Monitoring AWS issues
Incident Report for Home Assistant
Resolved
This incident has been resolved.
Posted Jun 13, 2023 - 14:38 PDT
Monitoring
AWS is currently experiencing issues affecting our services.

https://health.aws.amazon.com/health/status

From AWS Status page:
[02:29 PM PDT] Lambda synchronous invocation APIs have recovered. We are still working on processing the backlog of asynchronous Lambda invocations that accumulated during the event, including invocations from other AWS services (such as SQS and EventBridge). Lambda is working to process these messages during the next few hours and during this time, we expect to see continued delays in the execution of asynchronous invocations.

[02:00 PM PDT] Many AWS services are now fully recovered and marked Resolved on this event. We are continuing to work to fully recover all services.

[01:48 PM PDT] Beginning at 11:49 AM PDT, customers began experiencing errors and latencies with multiple AWS services in the US-EAST-1 Region. Our engineering teams were immediately engaged and began investigating. We quickly narrowed down the root cause to be an issue with a subsystem responsible for capacity management for AWS Lambda, which caused errors directly for customers (including through API Gateway) and indirectly through the use by other AWS services. We have associated other services that are impacted by this issue to this post on the Health Dashboard.

Additionally, customers may experience authentication or sign-in errors when using the AWS Management Console, or authenticating through Cognito or IAM STS. Customers may also experience intermittent issues when attempting to call or initiate a chat to AWS Support.

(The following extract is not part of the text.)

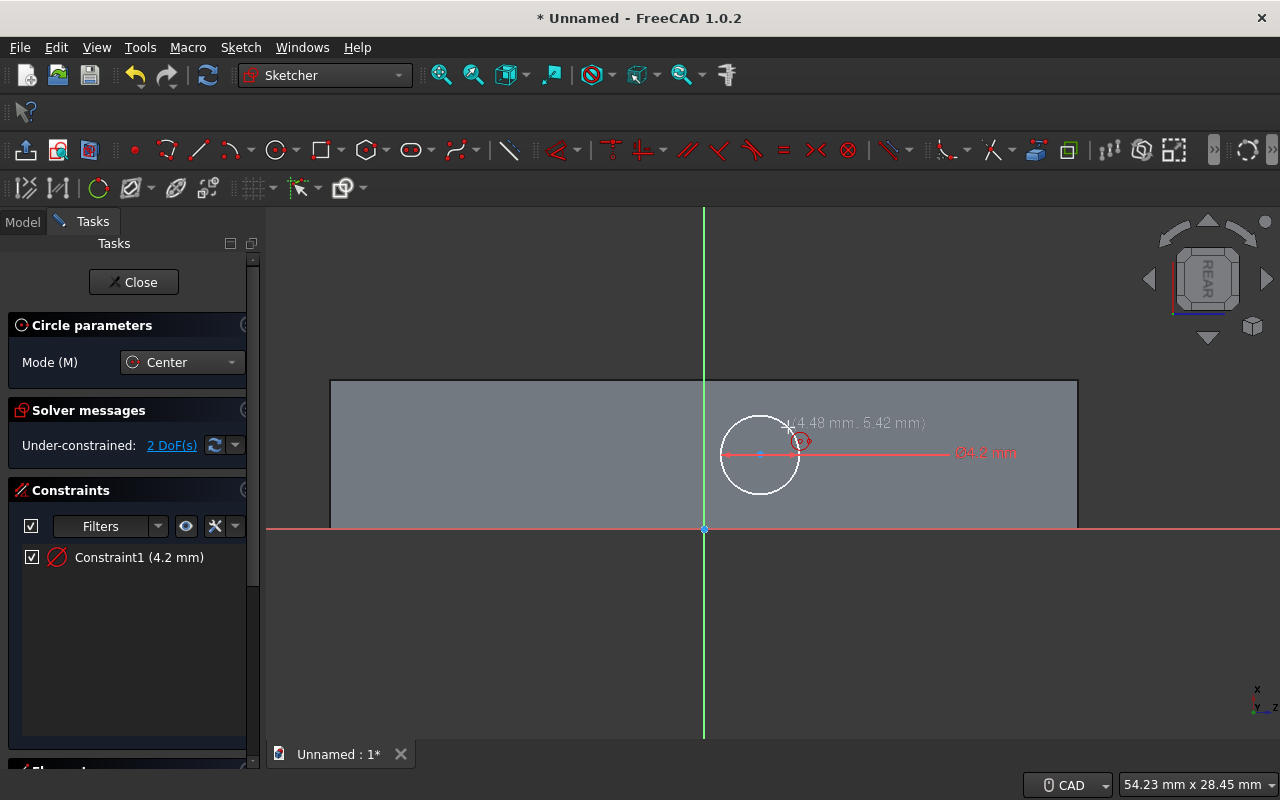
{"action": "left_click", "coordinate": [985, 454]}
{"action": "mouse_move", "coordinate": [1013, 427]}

We are now observing sustained recovery of the Lambda invoke error rates, and recovery of other affected AWS services. We are continuing to monitor closely as we work towards full recovery across all services.

[01:38 PM PDT] We are beginning to see an improvement in the Lambda function error rates. We are continuing to work towards full recovery.

[01:14 PM PDT] We are continuing to work to resolve the error rates invoking Lambda functions. We're also observing elevated errors obtaining temporary credentials from the AWS Security Token Service, and are working in parallel to resolve these errors.

[12:36 PM PDT] We are continuing to experience increased error rates and latencies for multiple AWS Services in the US-EAST-1 Region. We have identified the root cause as an issue with AWS Lambda, and are actively working toward resolution. For customers attempting to access the AWS Management Console, we recommend using a region-specific endpoint (such as: https://us-west-2.console.aws.amazon.com). We are actively working on full mitigation and will continue to provide regular updates.

[12:26 PM PDT] We have identified the root cause of the elevated errors invoking AWS Lambda functions, and are actively working to resolve this issue.

[12:19 PM PDT] AWS Lambda function invocation is experiencing elevated error rates. We are working to identify the root cause of this issue.

[12:08 PM PDT] We are investigating increased error rates and latencies in the US-EAST-1 Region.
Posted Jun 13, 2023 - 13:29 PDT
This incident affected: Home Assistant Cloud (Remote UI, Alexa, Google Assistant, Webhooks, Account).